Interesting roundtable on the proposed Mosque in lower Manhattan today on This Week, one that demonstrated the wide array of opinions both on the building of the center and President Obama‘s various comments on it this weekend.
Cokie Roberts thinks that despite Obama’s follow-up remarks yesterday saying that he was not weighing in on the “wisdom” of the mosque, merely the group’s right to build it, his initial comments on Friday were “clearly and endorsement” and to “walk back is just silly.” She also noted something that few others have come out and said but which is likely quite accurate, namely that this mosque will probably get built and after that will cease to be a big deal: “My guess is, eventually it does get built and that it becomes no problem.”
Matthew Dowd, however, thinks that this marks yet another instance of Obama behaving like Bush and saying “it’s my way or the highway”
I think they figured out this is a real political problem they have. And I think they either had a tin ear at the beginning of this and how it was going to come across or they mishandled it totally from the beginning, because if they understood, I think, the public on this, where two-thirds of the public say they have a right but two-thirds of the public say don’t do it, he would have given a speech going directly to those points, instead of saying — one day saying they have the right and the next day saying I didn’t necessarily say it was the right thing to do.
I think this is a big problem for the president, because it feeds a broader narrative about him, which is, it’s my way or the highway. In many ways, to me, it reminds me of Bush, which is, is, “I don’t care where the American public is on this. I’m going to say what I think is the right thing to do.”
In the larger sense Dowd seemed concerned Obama wasn’t more sensitive to the current political winds, later saying he is speaking from a “position of weakness” because his approval numbers are so low.
Meanwhile, Chrystia Freeland of Reuters rightly noted that “another way of talking about that is leadership, conviction, having your beliefs, and not governing according to polls.
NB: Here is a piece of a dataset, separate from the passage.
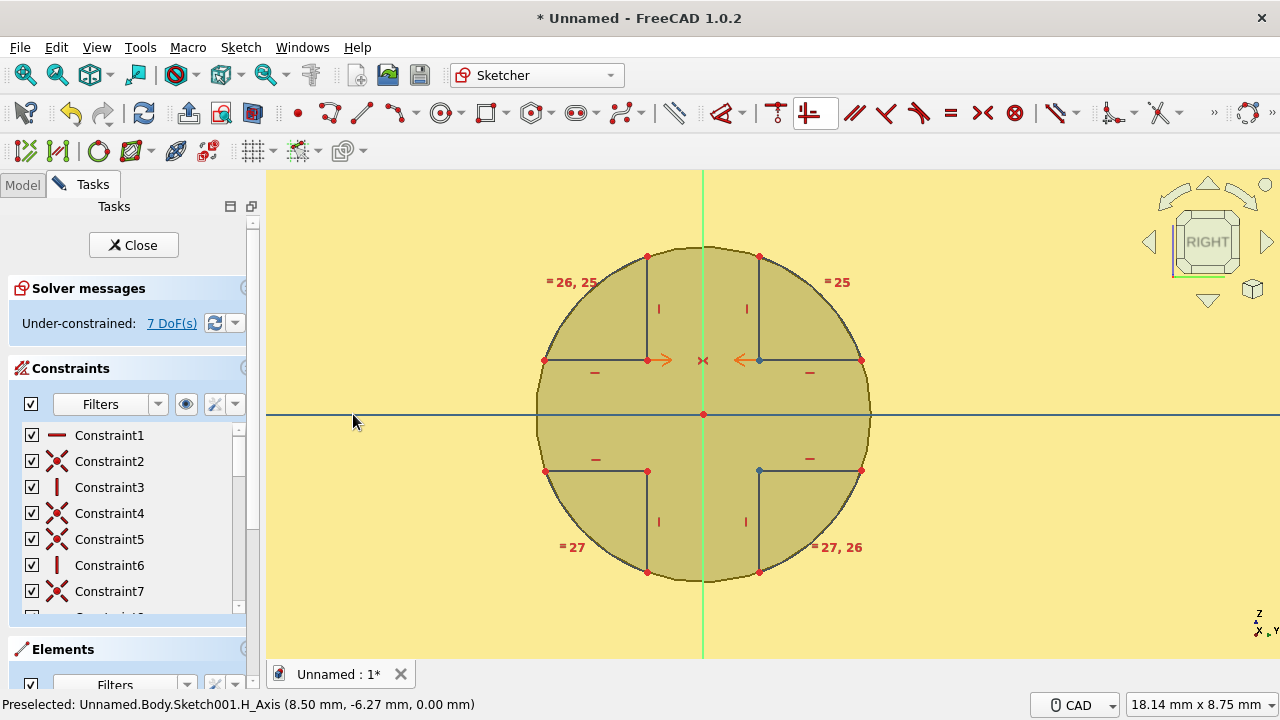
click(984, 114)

And I think if you asked most Americans, what kind of a leader do you want, if you ask people in the world what kind of a leader, you want someone who governs according to conviction.”
WaPo’s David Ignatius meanwhile thinks Obama’s speech on Friday was “a model of political courage,” and furthermore wishes he hadn’t dialed it back yesterday:
As the world looks at us, if they see that the United States — even in — you know, an issue that hurts — and Ground Zero hurts — even on that issue, we still stand up for the freedom of people to dispose of their property as they want, that does count.
Watch the roundtable below.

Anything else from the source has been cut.